All four: (4096, 4096)

Query, Key, Value Matrices:

Full: (batch_size, 128, 4096)
Per head: (batch_size, 128, 128, 32)

Feed-Forward Network (three weight matrices):

Matrix	Shape	Parallelism
First dense (gate path)	(4096, 11008)	Column parallel
Third dense (input path)	(4096, 11008)	Column parallel
Second dense (output)	(11008, 4096)	Row parallel

The fact that there are three weight matrices in the FFN instead of the standard two is the direct consequence of the SwiGLU gating mechanism. The first and third matrices create the two parallel paths; the second matrix projects back to the model dimension.

Full Computation Flow

Each decoder block processes the sequence with the following flow (L = 128, Ed = 4096, h = 32, d = 128, Fl = 11008):

Input X (L, Ed) passes through RMS Norm.
Masked multi-head self-attention with RoPE on queries and keys. A causal mask prevents attending to future tokens.
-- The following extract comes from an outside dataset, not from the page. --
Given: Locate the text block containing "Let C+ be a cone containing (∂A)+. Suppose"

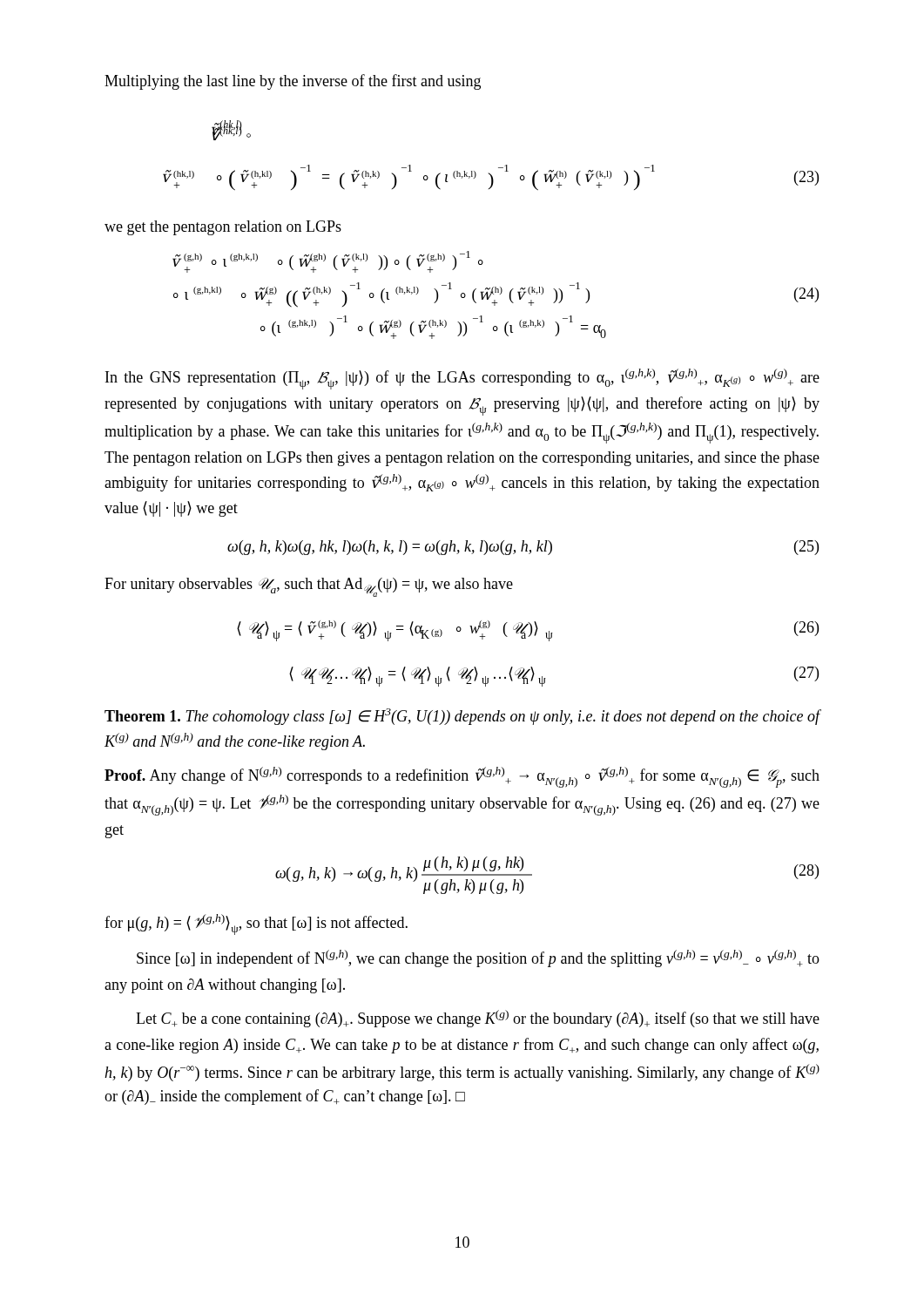Looking at the screenshot, I should click(x=462, y=1058).
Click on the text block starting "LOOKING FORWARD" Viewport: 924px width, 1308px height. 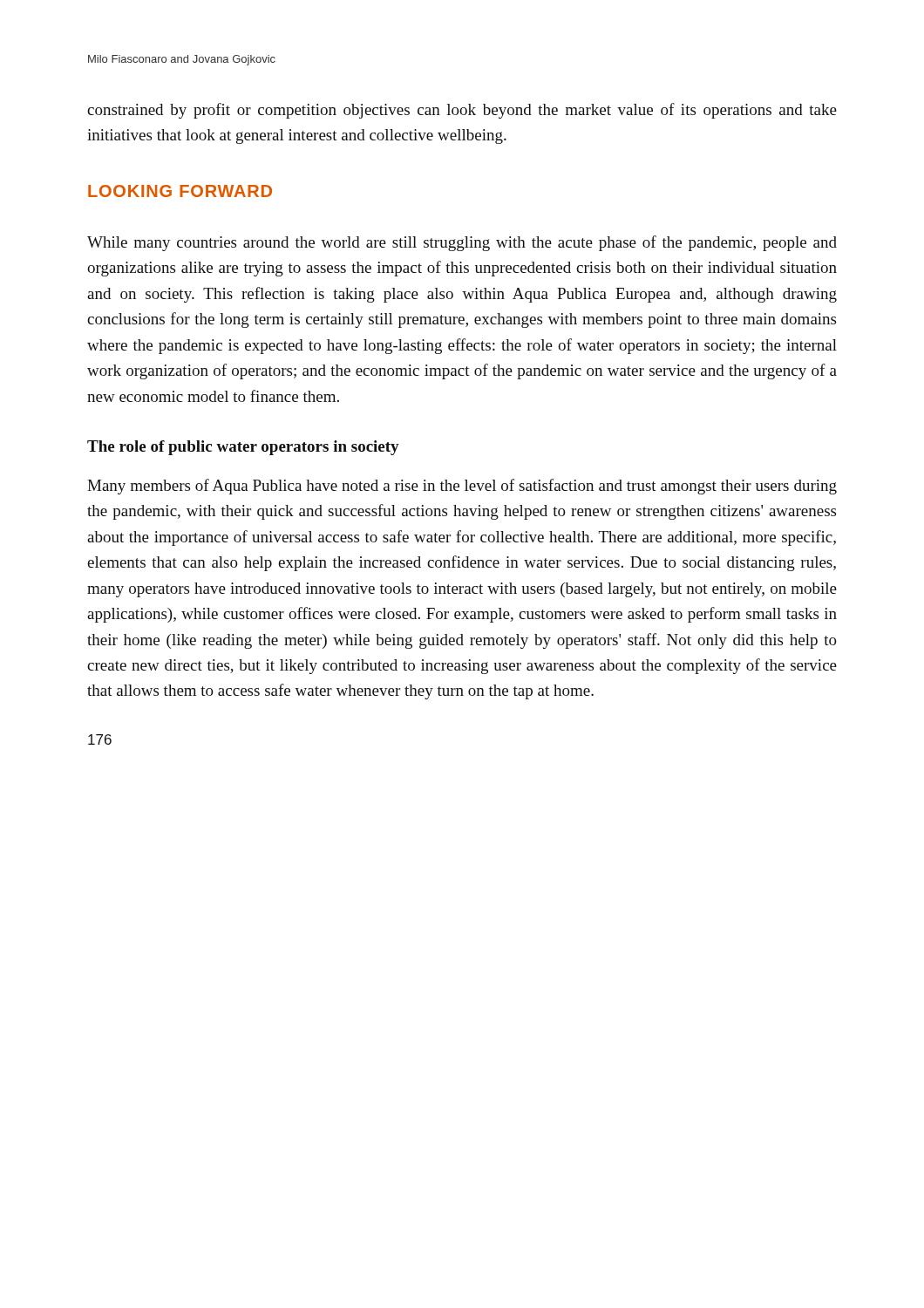point(180,191)

The attention is computed with optimized memory usage (column-parallel projections for Q, K, V).
Residual connection adds the attention output back to the input.
The result passes through another RMS Norm.
The SwiGLU feed-forward network: two column-parallel linear projections (4096 → 11008), SwiGLU gating, then a row-parallel projection (11008 → 4096).
Residual connection adds the FFN output back.
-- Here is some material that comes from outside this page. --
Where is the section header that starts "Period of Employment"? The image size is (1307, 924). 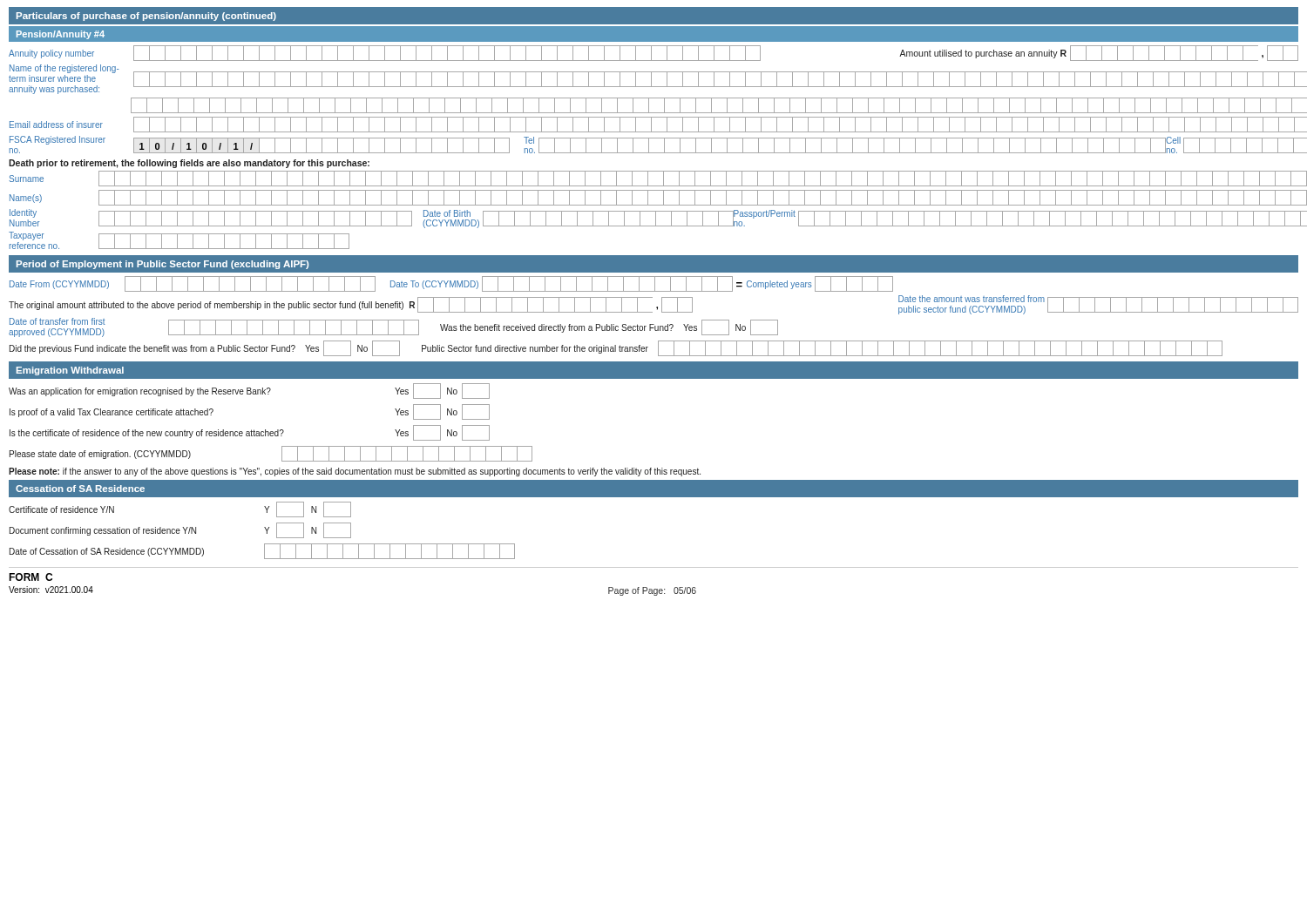(x=162, y=264)
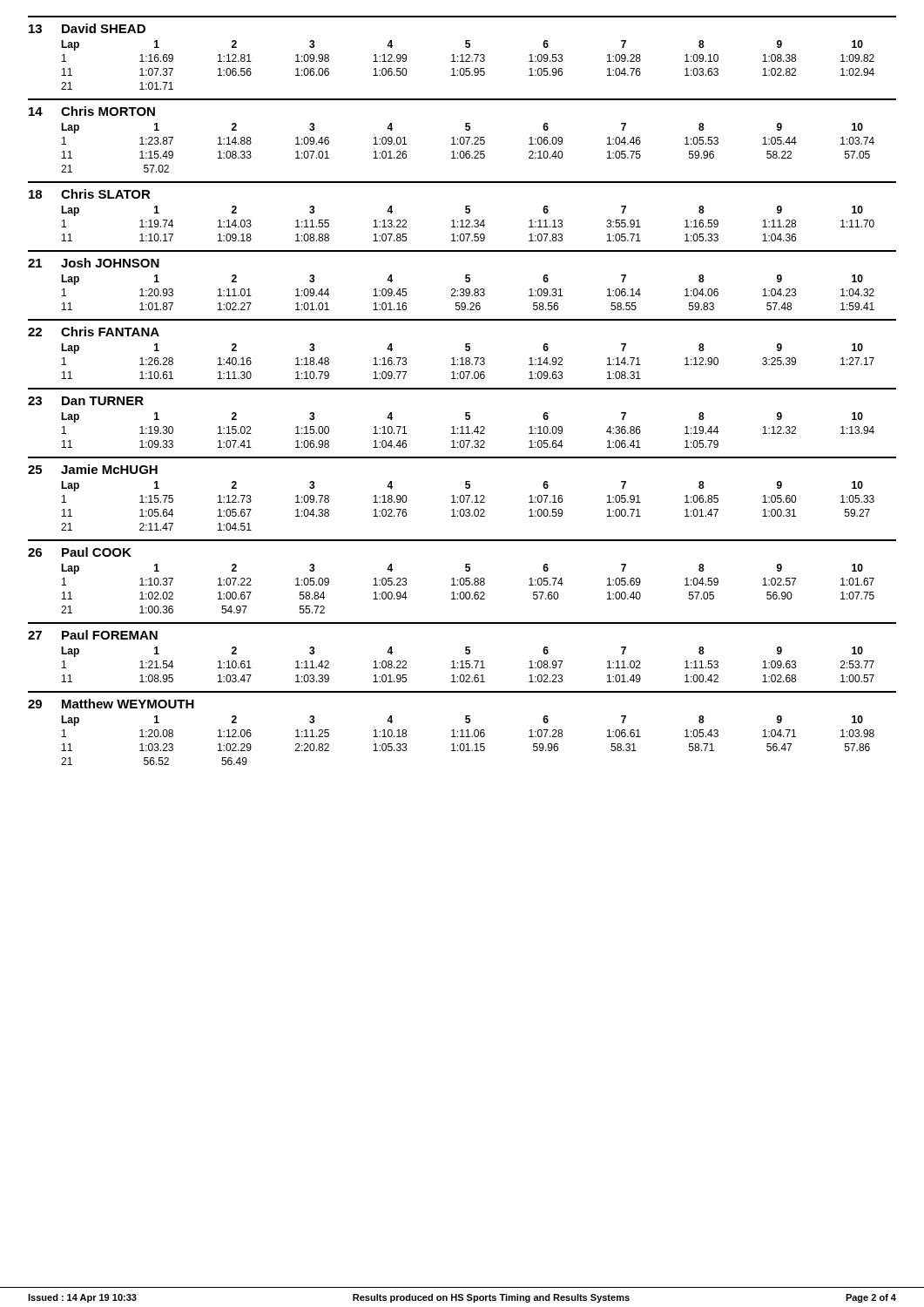The height and width of the screenshot is (1307, 924).
Task: Select the table that reads "1:06.09"
Action: (462, 148)

Computation diagram: Full LLaMA decoder block flow from X(L,Ed) through RMS Norm, masked self-attention with RoPE, residual, RMS Norm, SwiGLU FFN with parallel linear paths, residual, to output

Key Takeaways

Here is what I take away from the LLaMA architecture as a practitioner:

Data quality over model size. LLaMA demonstrated that state-of-the-art performance is achievable with publicly available data and smaller models. The 13B model competes with GPT-3 (175B) on most benchmarks. That is a 13x reduction in parameters.
Pre-normalization with RMSNorm is now the standard for training stability in large language models. It is simpler, faster, and more robust than post-norm Layer Norm. If you are building any new transformer, use pre-norm RMSNorm.
SwiGLU costs you a third weight matrix but buys you smoother gradients and better convergence. The 2/3 scaling of the hidden dimension (giving 11008 instead of 16384) keeps the parameter count in check while accommodating the gating mechanism.
RoPE is a strict upgrade over absolute positional embeddings. It naturally captures relative position and generalizes better to sequence lengths not seen during training.
Efficiency is a design priority, not an afterthought. Activation checkpointing, optimized attention, and model/sequence parallelism are baked into the architecture from the start. LLaMA is designed to be cheap to serve, not just cheap to train.
Open data matters. By training exclusively on public datasets, LLaMA enabled the entire open-source LLM ecosystem that followed -- Alpaca, Vicuna, and hundreds of derivatives. The architectural choices are important, but the open-data commitment is what made LLaMA transformative.

This post is based on my presentation "Details of the LLaMA Model (Large Language Model Meta AI)" at Berkeley EECS. The original slides, including all architecture diagrams and computation flows, are available in Details_of_the_LLaMA_Model.pdf.